An integrated view of liver injury and disease progression in nonalcoholic steatohepatitis.

Nonalcoholic fatty liver disease (NAFLD) is rapidly becoming the most common cause of chronic liver disease globally. NAFLD represents a host of pathophysiologic mechanisms that culminate in the accumulation of fat, in a predominantly macrovesicular pattern, in the liver along with varying degrees of inflammation, hepatocellular injury, apoptosis and fibrosis. The most common mechanism for the development of NAFLD is insulin resistance. Insulin resistance is commonly associated with obesity, although it can develop in individuals who do not have obesity.
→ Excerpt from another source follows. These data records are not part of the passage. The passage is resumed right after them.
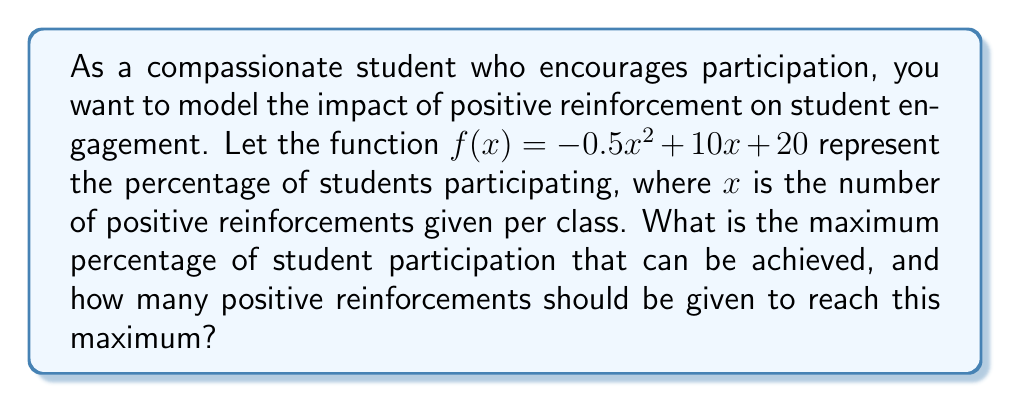Show me your answer to this math problem. 1. The given quadratic function is $f(x) = -0.5x^2 + 10x + 20$, where:
   - $f(x)$ represents the percentage of students participating
   - $x$ represents the number of positive reinforcements given per class

2. To find the maximum value of a quadratic function, we need to find the vertex of the parabola. For a quadratic function in the form $f(x) = ax^2 + bx + c$, the x-coordinate of the vertex is given by $x = -\frac{b}{2a}$.

3. In this case, $a = -0.5$, $b = 10$, and $c = 20$.

4. Calculate the x-coordinate of the vertex:
   $x = -\frac{b}{2a} = -\frac{10}{2(-0.5)} = -\frac{10}{-1} = 10$

5. To find the maximum percentage of student participation, substitute $x = 10$ into the original function:
   $f(10) = -0.5(10)^2 + 10(10) + 20$
   $= -0.5(100) + 100 + 20$
   $= -50 + 100 + 20$
   $= 70$

6. Therefore, the maximum percentage of student participation is 70%, and this is achieved when 10 positive reinforcements are given per class.
Answer: Maximum participation: 70%; Number of reinforcements: 10 
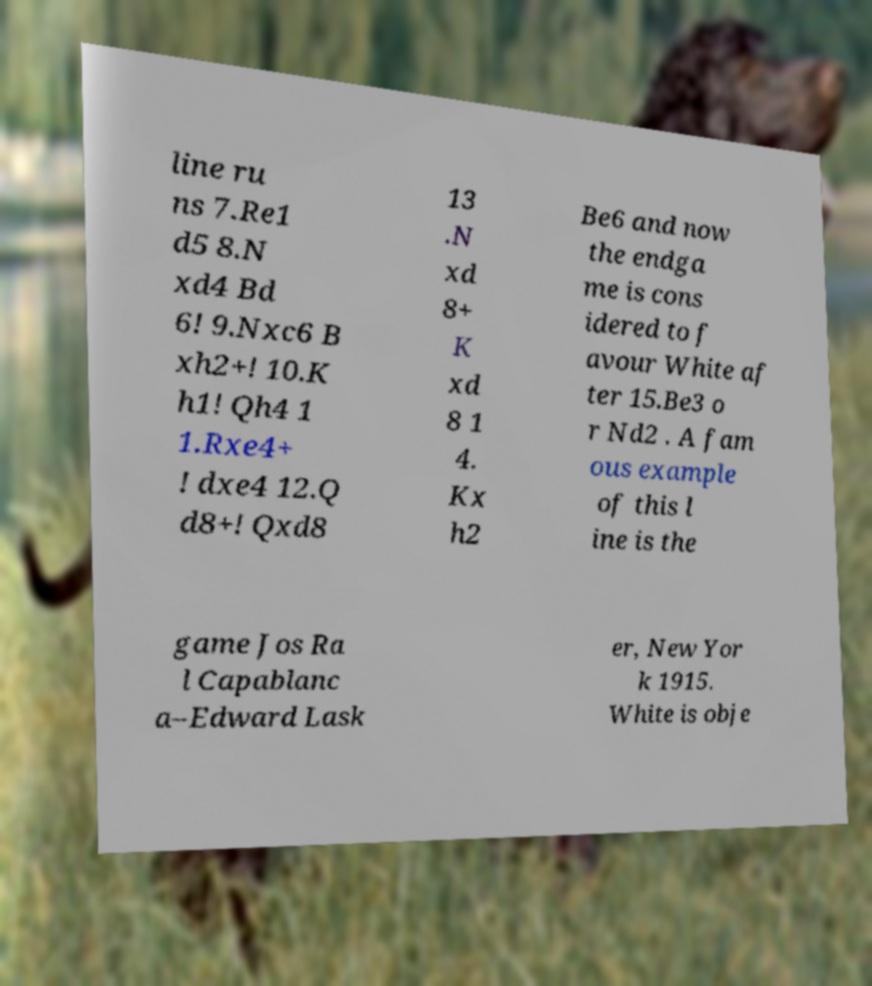Could you extract and type out the text from this image? line ru ns 7.Re1 d5 8.N xd4 Bd 6! 9.Nxc6 B xh2+! 10.K h1! Qh4 1 1.Rxe4+ ! dxe4 12.Q d8+! Qxd8 13 .N xd 8+ K xd 8 1 4. Kx h2 Be6 and now the endga me is cons idered to f avour White af ter 15.Be3 o r Nd2 . A fam ous example of this l ine is the game Jos Ra l Capablanc a–Edward Lask er, New Yor k 1915. White is obje

A consequence of insulin resistance is increased peripheral lipolysis and increased delivery of free fatty acids to the liver. The concept of lipotoxicity emerged as the mechanisms by which fatty acids produce cell injury, promote apoptosis and activate inflammatory pathways were elucidated. While much work has been done mainly in cell culture models, the free fatty acid concentration in the liver is not significantly changed in NAFLD. Recently, the focus has shifted to alterations in other lipid metabolic pathways that appear to play an important role in the genesis of nonalcoholic steatohepatitis, the aggressive form of NAFLD. The innate immune system and the intestinal microbiota have been implicated in the development of NAFLD. These mechanisms are reviewed in this article.